The update process mentioned “messed up” RRDs (whatever this means in detail) for 5 RRDs / INFOs, like this:

-| RRD files for host rad01 and service Filesystem / stored in files:
-| - /opt/omd/sites/prod/var/check_mk/rrd/rad01/Filesystem__.info
-| - /opt/omd/sites/prod/var/check_mk/rrd/rad01/Filesystem__.rrd
-| are messed up.

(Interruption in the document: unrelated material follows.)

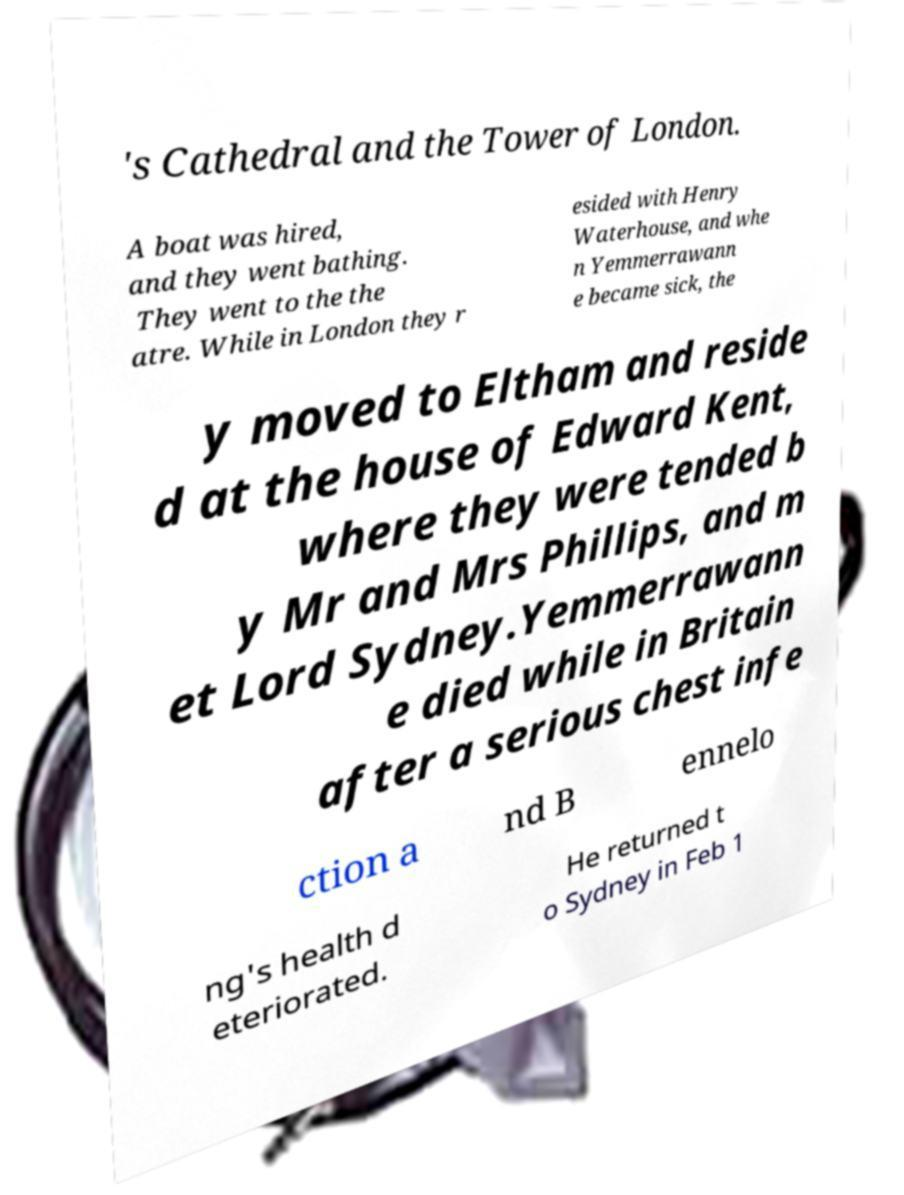Could you extract and type out the text from this image? 's Cathedral and the Tower of London. A boat was hired, and they went bathing. They went to the the atre. While in London they r esided with Henry Waterhouse, and whe n Yemmerrawann e became sick, the y moved to Eltham and reside d at the house of Edward Kent, where they were tended b y Mr and Mrs Phillips, and m et Lord Sydney.Yemmerrawann e died while in Britain after a serious chest infe ction a nd B ennelo ng's health d eteriorated. He returned t o Sydney in Feb 1

Please restore them both from backup.

I’ve deleted them outright before I’d even started the updated site for the first time.

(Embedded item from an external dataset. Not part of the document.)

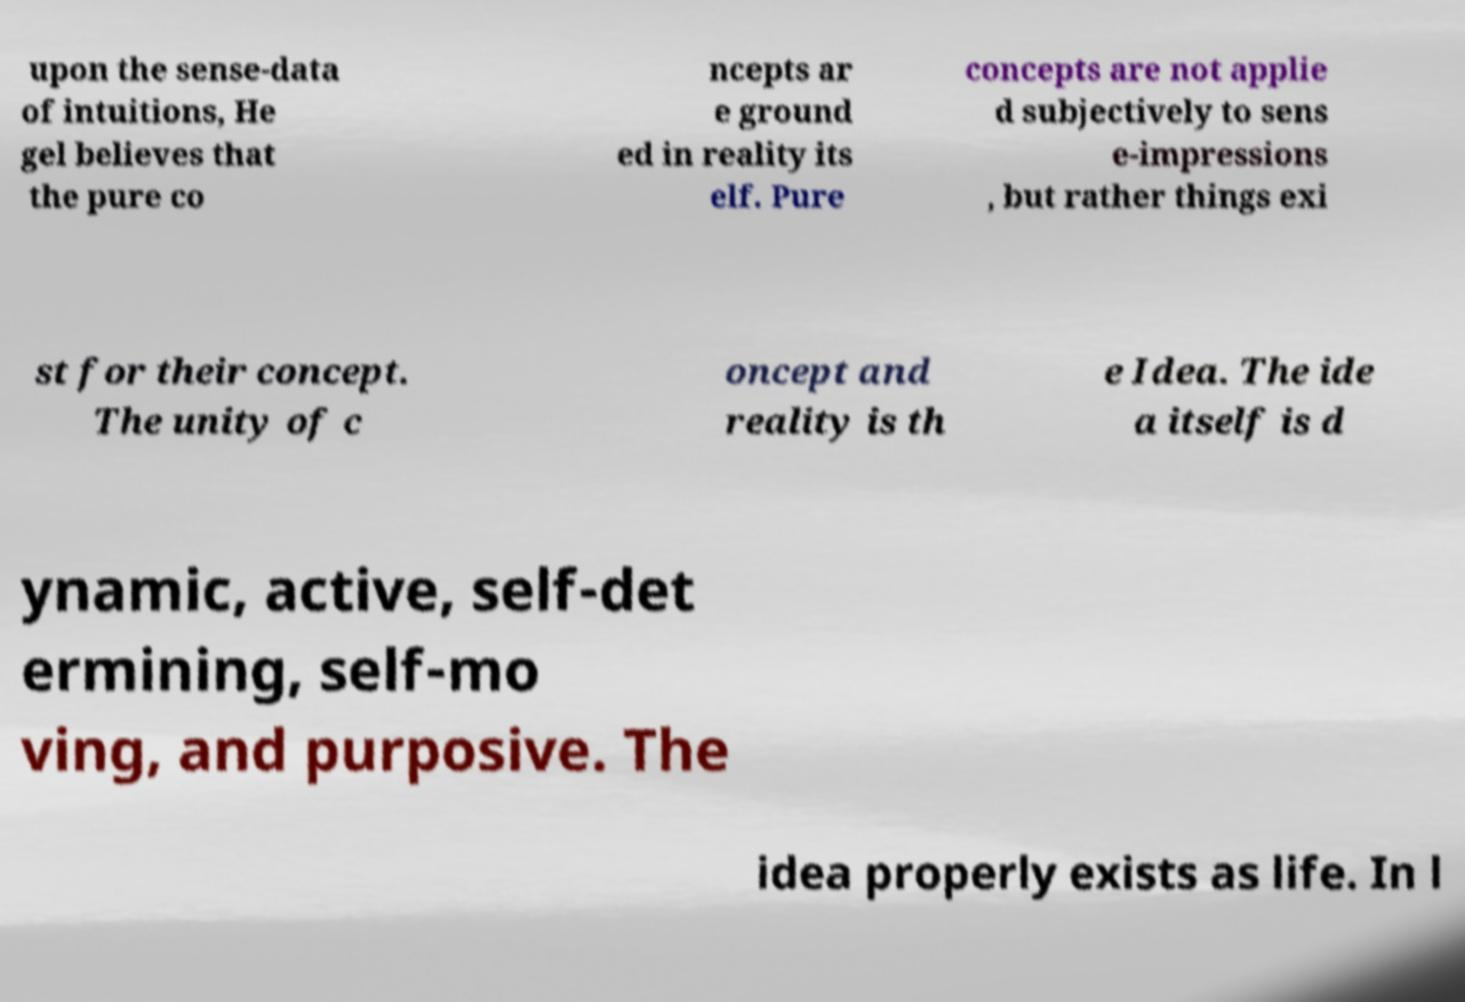Could you extract and type out the text from this image? upon the sense-data of intuitions, He gel believes that the pure co ncepts ar e ground ed in reality its elf. Pure concepts are not applie d subjectively to sens e-impressions , but rather things exi st for their concept. The unity of c oncept and reality is th e Idea. The ide a itself is d ynamic, active, self-det ermining, self-mo ving, and purposive. The idea properly exists as life. In l

I’m going to monitor the behavior for a few more minutes, maybe to a convert-rrds for good measure? (but there wasn’t anything wrong beforehand, when changing RRD parameters in the past the convert-rrd was executed manually and finished just fine).

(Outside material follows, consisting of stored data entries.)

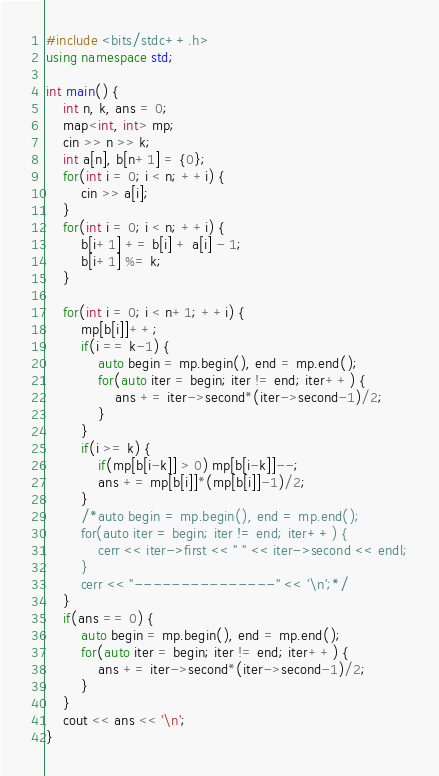<code> <loc_0><loc_0><loc_500><loc_500><_C++_>#include <bits/stdc++.h>
using namespace std;

int main() {
    int n, k, ans = 0;
    map<int, int> mp;
    cin >> n >> k;
    int a[n], b[n+1] = {0};
    for(int i = 0; i < n; ++i) {
        cin >> a[i];
    }
    for(int i = 0; i < n; ++i) {
        b[i+1] += b[i] + a[i] - 1;
        b[i+1] %= k;
    }

    for(int i = 0; i < n+1; ++i) {
        mp[b[i]]++;
        if(i == k-1) {
            auto begin = mp.begin(), end = mp.end();
            for(auto iter = begin; iter != end; iter++) {
                ans += iter->second*(iter->second-1)/2;
            }
        }
        if(i >= k) {
            if(mp[b[i-k]] > 0) mp[b[i-k]]--;
            ans += mp[b[i]]*(mp[b[i]]-1)/2;
        }
        /*auto begin = mp.begin(), end = mp.end();
        for(auto iter = begin; iter != end; iter++) {
            cerr << iter->first << " " << iter->second << endl;
        }
        cerr << "---------------" << '\n';*/
    }
    if(ans == 0) {
        auto begin = mp.begin(), end = mp.end();
        for(auto iter = begin; iter != end; iter++) {
            ans += iter->second*(iter->second-1)/2;
        }
    }
    cout << ans << '\n';
}
</code> 
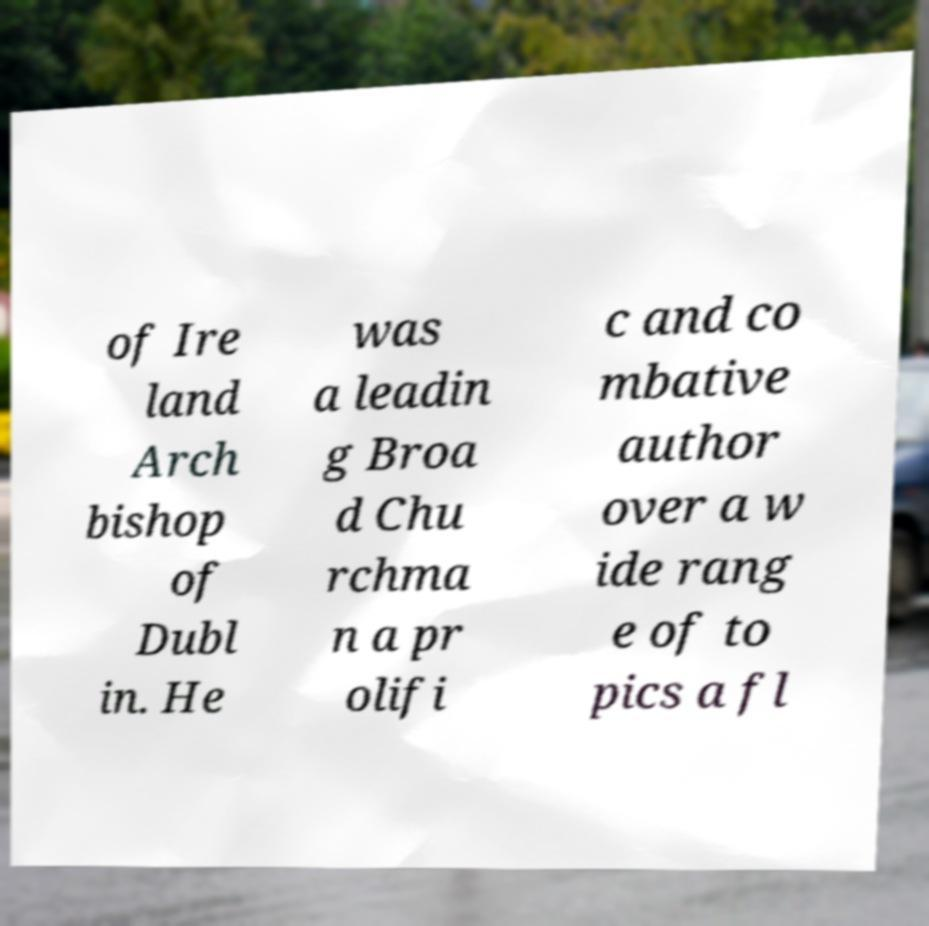Please read and relay the text visible in this image. What does it say? of Ire land Arch bishop of Dubl in. He was a leadin g Broa d Chu rchma n a pr olifi c and co mbative author over a w ide rang e of to pics a fl

But doesn’t really look like it’s going to slow down by itself, here’s another example:

OMD[prod]:~$ grep "router01.*mem_lnx_total_used" var/log/cmc.log
2021-05-10 13:23:19 [6] [main] [RRD helper 21859] creating new RRD file for service "router01;Memory used", command: cmc_single;router01;Memory used;memused;;ramused;;swapused;;mem_lnx_total_used;21680128;mem_used_percent;32.305908;mem_used;21680128
2021-05-10 13:28:55 [6] [main] [RRD helper 1548] creating new RRD file for service "router01;Memory used", command: cmc_single;router01;Memory used;memused;;ramused;;swapused;;mem_lnx_total_used;21680128;mem_used_percent;32.305908;mem_used;21680128
2021-05-10 13:29:59 [6] [main] [RRD helper 1548] creating new RRD file for service "router01;Memory used", command: cmc_single;router01;Memory used;memused;;ramused;;swapused;;mem_lnx_total_used;21696512;mem_used_percent;32.330322;mem_used;21696512
2021-05-10 13:31:04 [6] [main] [RRD helper 1548] creating new RRD file for service "router01;Memory used", command: cmc_single;router01;Memory used;memused;;ramused;;swapused;;mem_lnx_total_used;21696512;mem_used_percent;32.330322;mem_used;21696512
2021-05-10 13:32:08 [6] [main] [RRD helper 1548] creating new RRD file for service "router01;Memory used", command: cmc_single;router01;Memory used;memused;;ramused;;swapused;;mem_lnx_total_used;21708800;mem_used_percent;32.348633;mem_used;21708800
2021-05-10 13:32:25 [6] [main] [RRD helper 1548] created RRD for service "router01;Memory used", metric mem_lnx_total_used
2021-05-10 13:51:20 [6] [main] [RRD helper 1548] created RRD for service "router01;Memory used", metric mem_lnx_total_used
2021-05-10 14:03:53 [6] [main] [RRD helper 1548] created RRD for service "router01;Memory used", metric mem_lnx_total_used

What happened between the first few lines, and the last three lines? I don’t know.
EDIT: Ah, the first few lines say “creating” and the last 3 “created”? So maybe everything’s fine once a corresponding 4th “created” entry appears, same amount as the “creating” lines before? (not sure if the single line in the beginning, before I restarted the instance yet again, counts and I need 5 “created” actually)

bitwiz · May 10, 2021, 4:09pm

Waiting for a few more minutes, load was still stuck at 20.
omd restart SITE then brought it down to the usual levels pretty much right away.

Not sure what this was about in the end? Performance is now “good”, as before.

system · May 10, 2022, 4:10pm

This topic was automatically closed 365 days after the last reply. New replies are no longer allowed. Contact an admin if you think this should be re-opened.